## [PROBLEM DETAILS]
Pull out each line of the records holding the string "degrees".
:: RECORDS ::
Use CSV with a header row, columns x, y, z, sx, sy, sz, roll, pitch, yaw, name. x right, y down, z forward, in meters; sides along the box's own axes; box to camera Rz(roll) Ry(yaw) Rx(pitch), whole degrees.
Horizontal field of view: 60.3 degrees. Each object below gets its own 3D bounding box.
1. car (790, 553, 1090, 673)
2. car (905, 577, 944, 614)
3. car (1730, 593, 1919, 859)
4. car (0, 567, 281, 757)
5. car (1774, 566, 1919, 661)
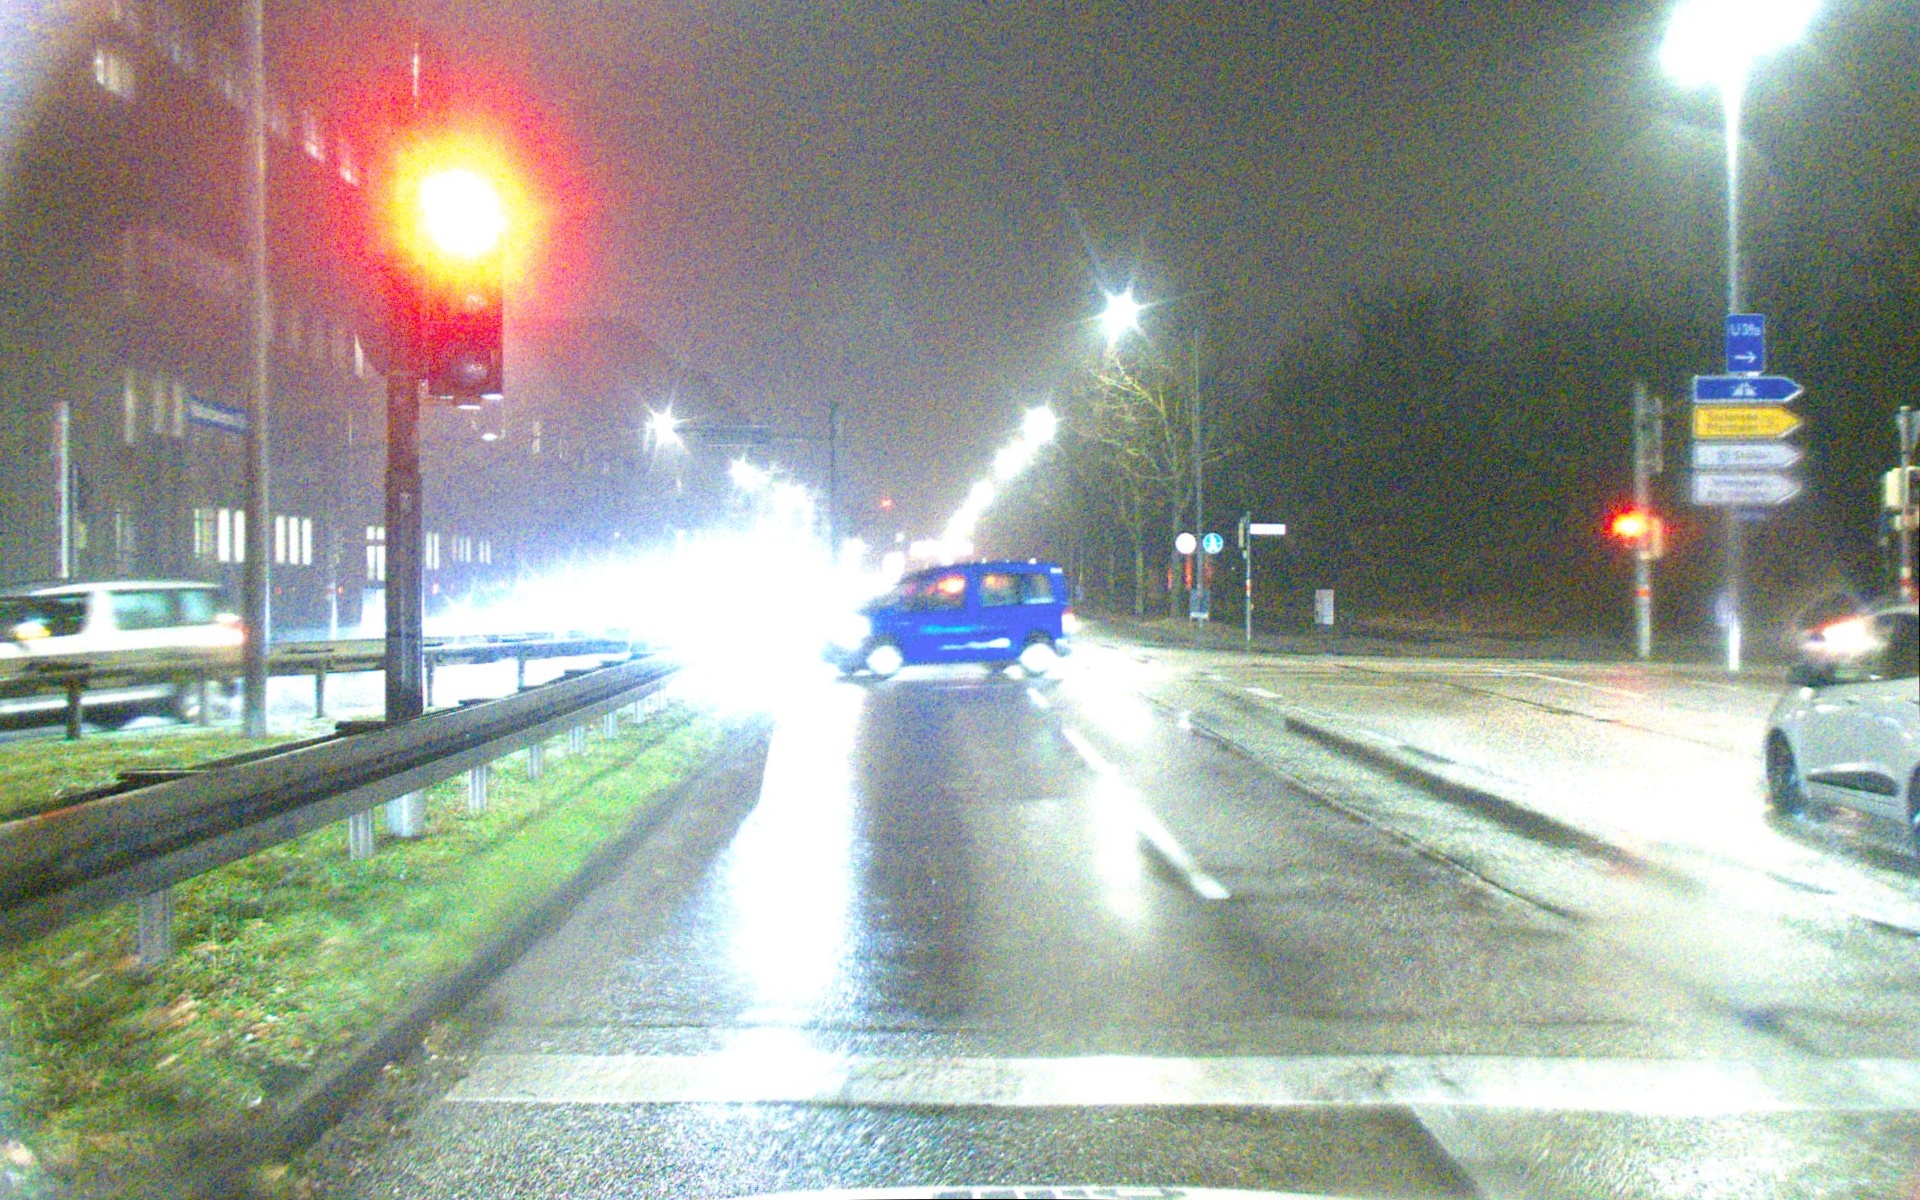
x,y,z,sx,sy,sz,roll,pitch,yaw,name
-0.317,0.229,26.406,4.432,1.780,1.846,1,0,-24,car
-2.034,-0.242,93.375,1.954,2.049,4.628,1,0,-4,car
6.250,0.723,10.170,1.599,1.484,3.595,1,0,5,car
-9.326,0.578,16.683,1.867,1.771,4.391,1,0,28,car
16.666,0.252,28.858,3.982,1.616,1.913,0,-2,5,car
:::
## [ANSWER TO THIS EXERCISE]
Use CSV with a header row, columns x, y, z, sx, sy, sz, roll, pitch, yaw, name. x right, y down, z forward, in meters; sides along the box's own axes; box to camera Rz(roll) Ry(yaw) Rx(pitch), whole degrees.
Horizontal field of view: 60.3 degrees. Each object below gets its own 3D bounding box.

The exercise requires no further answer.